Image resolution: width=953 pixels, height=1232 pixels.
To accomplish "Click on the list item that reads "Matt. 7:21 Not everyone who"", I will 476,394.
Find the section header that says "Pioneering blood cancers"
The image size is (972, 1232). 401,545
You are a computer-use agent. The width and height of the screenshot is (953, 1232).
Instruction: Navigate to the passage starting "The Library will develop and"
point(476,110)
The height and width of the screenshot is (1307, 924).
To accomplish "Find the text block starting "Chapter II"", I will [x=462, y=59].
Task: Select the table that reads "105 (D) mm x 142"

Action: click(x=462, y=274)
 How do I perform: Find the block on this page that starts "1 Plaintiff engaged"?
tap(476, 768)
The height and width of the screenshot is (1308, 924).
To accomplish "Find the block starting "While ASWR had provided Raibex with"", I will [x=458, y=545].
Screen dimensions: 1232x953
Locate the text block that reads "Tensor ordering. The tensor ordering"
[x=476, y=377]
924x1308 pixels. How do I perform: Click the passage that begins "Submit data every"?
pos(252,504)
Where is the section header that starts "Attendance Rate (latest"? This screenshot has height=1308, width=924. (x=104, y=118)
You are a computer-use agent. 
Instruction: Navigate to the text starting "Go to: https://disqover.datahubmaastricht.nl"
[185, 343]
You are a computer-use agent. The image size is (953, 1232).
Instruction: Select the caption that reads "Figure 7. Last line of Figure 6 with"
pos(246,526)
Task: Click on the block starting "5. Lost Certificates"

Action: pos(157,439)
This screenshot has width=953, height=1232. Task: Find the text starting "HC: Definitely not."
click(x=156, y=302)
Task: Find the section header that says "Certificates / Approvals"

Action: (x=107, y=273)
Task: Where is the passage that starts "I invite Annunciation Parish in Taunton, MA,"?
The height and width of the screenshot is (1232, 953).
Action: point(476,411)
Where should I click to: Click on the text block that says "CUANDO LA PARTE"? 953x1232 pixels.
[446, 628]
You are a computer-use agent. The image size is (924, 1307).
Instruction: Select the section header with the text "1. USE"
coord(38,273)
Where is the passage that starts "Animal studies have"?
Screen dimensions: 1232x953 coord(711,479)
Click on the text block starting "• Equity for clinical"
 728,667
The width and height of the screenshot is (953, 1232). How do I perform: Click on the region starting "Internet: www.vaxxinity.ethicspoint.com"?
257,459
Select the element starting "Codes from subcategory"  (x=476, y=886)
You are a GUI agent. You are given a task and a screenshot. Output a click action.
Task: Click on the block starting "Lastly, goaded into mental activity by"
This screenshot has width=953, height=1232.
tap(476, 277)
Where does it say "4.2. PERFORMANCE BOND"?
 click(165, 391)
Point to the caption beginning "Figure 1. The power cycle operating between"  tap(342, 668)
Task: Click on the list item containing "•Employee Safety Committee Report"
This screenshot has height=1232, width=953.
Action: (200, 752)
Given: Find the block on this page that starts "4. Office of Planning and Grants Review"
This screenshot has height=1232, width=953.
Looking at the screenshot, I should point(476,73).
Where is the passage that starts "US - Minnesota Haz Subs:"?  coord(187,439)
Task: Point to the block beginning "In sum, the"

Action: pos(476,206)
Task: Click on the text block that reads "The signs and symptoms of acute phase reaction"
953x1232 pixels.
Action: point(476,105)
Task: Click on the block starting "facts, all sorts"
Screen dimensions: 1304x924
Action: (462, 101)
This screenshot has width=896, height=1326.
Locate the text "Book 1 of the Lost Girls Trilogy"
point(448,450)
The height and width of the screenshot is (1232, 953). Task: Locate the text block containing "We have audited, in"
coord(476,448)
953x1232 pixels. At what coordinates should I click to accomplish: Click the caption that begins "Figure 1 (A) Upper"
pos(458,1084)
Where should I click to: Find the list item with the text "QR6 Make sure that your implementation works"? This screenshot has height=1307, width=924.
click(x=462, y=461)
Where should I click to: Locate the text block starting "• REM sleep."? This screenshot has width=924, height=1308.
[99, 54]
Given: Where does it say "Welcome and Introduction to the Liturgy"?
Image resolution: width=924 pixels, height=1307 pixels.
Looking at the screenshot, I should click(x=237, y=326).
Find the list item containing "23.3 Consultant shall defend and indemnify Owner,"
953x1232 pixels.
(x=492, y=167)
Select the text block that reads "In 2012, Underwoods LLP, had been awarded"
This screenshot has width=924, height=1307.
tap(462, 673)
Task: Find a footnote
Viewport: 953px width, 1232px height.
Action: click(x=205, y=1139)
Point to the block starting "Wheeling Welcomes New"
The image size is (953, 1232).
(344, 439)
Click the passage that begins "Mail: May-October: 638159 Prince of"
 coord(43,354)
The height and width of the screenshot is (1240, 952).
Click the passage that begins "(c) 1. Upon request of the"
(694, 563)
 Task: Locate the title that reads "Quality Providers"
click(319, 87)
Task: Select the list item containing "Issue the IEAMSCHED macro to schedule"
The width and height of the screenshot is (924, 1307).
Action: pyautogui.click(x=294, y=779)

- - - - - - -

Provide the number of lines above that include the string "agent", with no other words.

--- ANSWER TO THIS EXERCISE ---
5